Supplied data: Begin

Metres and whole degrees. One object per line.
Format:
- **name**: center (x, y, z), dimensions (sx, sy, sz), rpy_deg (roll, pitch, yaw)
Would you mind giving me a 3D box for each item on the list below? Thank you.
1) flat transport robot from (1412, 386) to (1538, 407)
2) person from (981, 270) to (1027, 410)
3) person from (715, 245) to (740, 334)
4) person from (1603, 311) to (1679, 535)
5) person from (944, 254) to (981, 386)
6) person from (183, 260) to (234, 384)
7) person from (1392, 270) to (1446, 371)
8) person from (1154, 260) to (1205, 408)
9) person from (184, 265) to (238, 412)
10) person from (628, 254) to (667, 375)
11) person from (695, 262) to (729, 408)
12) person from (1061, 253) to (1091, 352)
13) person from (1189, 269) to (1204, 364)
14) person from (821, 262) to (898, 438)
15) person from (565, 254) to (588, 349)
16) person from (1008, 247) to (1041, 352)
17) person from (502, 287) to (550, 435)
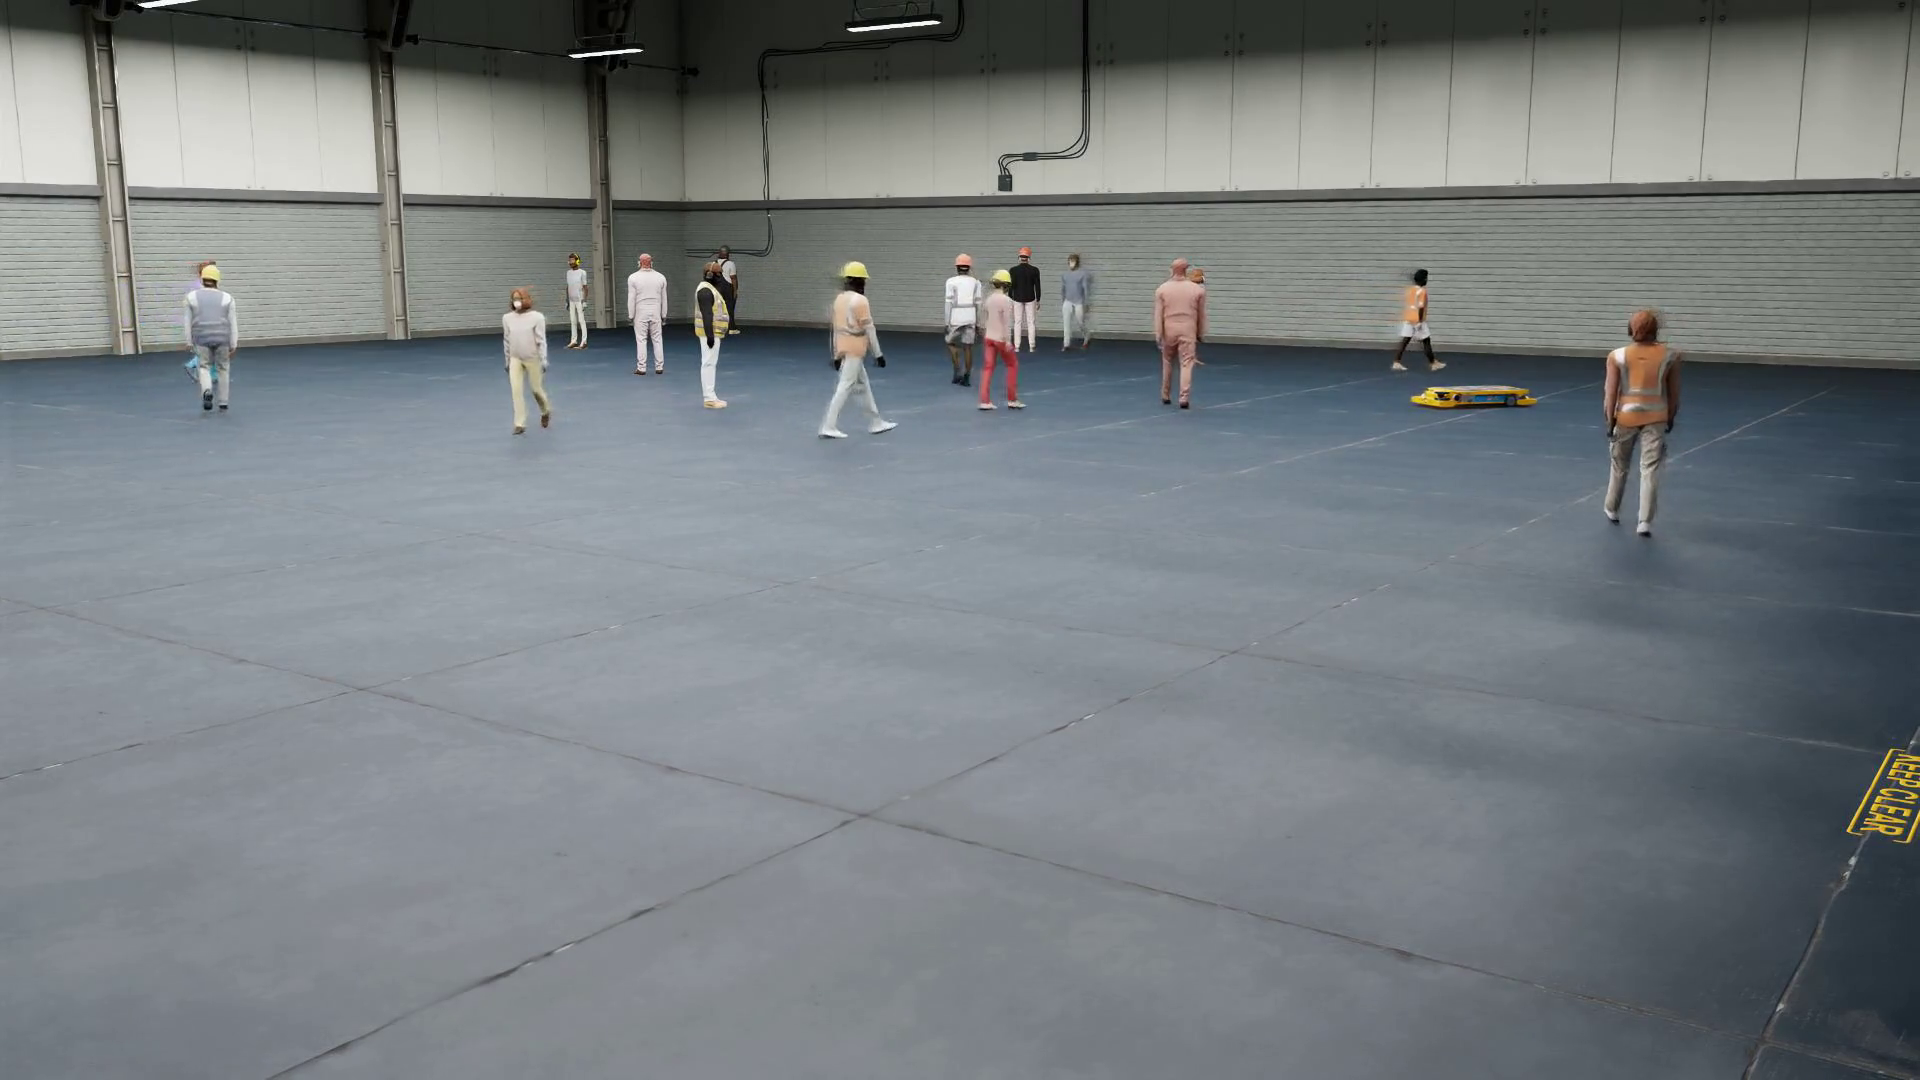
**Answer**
- **flat transport robot**: center (6.591, -1.847, 21.292), dimensions (1.431, 0.197, 0.652), rpy_deg (-3, 11, -16)
- **person**: center (0.545, -2.492, 20.784), dimensions (0.725, 1.736, 0.547), rpy_deg (-8, 13, -36)
- **person**: center (-5.352, -5.753, 38.212), dimensions (0.689, 2.000, 0.539), rpy_deg (6, 12, 30)
- **person**: center (4.917, -0.854, 12.039), dimensions (0.517, 1.591, 0.872), rpy_deg (3, 11, 16)
- **person**: center (0.029, -3.197, 24.231), dimensions (0.581, 1.917, 0.474), rpy_deg (-3, 11, -19)
- **person**: center (-11.078, -3.188, 24.419), dimensions (0.575, 1.832, 0.583), rpy_deg (-5, 11, -25)
- **person**: center (7.459, -3.559, 27.008), dimensions (0.875, 1.644, 0.533), rpy_deg (-2, 10, -13)
- **person**: center (2.796, -2.623, 21.200), dimensions (0.639, 1.858, 1.003), rpy_deg (1, 10, 5)
- **person**: center (-9.148, -2.451, 20.355), dimensions (0.603, 1.810, 0.510), rpy_deg (-4, 11, -21)
- **person**: center (-4.970, -3.574, 26.385), dimensions (0.654, 1.906, 0.408), rpy_deg (-6, 12, -30)
- **person**: center (-3.133, -2.586, 21.052), dimensions (0.430, 1.838, 0.619), rpy_deg (-1, 10, -4)
- **person**: center (2.258, -4.589, 32.119), dimensions (0.630, 1.904, 0.931), rpy_deg (6, 12, 29)
- **person**: center (4.088, -3.861, 28.748), dimensions (0.279, 1.636, 0.499), rpy_deg (0, 10, 2)
- **person**: center (-1.111, -2.034, 17.850), dimensions (0.995, 1.876, 0.587), rpy_deg (-6, 12, -29)
- **person**: center (-7.591, -4.709, 32.860), dimensions (0.532, 1.866, 0.321), rpy_deg (5, 11, 26)
- **person**: center (1.238, -4.607, 31.925), dimensions (0.622, 1.992, 0.396), rpy_deg (1, 10, 5)
- **person**: center (-4.756, -1.979, 18.279), dimensions (0.508, 1.607, 0.695), rpy_deg (1, 10, 7)

Supplied data: End

Task statement.
Return the entries above unchanged, starting at the first line and stopping after the line with "1) flat transport".

Solved problem.
Metres and whole degrees. One object per line.
Format:
- **name**: center (x, y, z), dimensions (sx, sy, sz), rpy_deg (roll, pitch, yaw)
Would you mind giving me a 3D box for each item on the list below? Thank you.
1) flat transport robot from (1412, 386) to (1538, 407)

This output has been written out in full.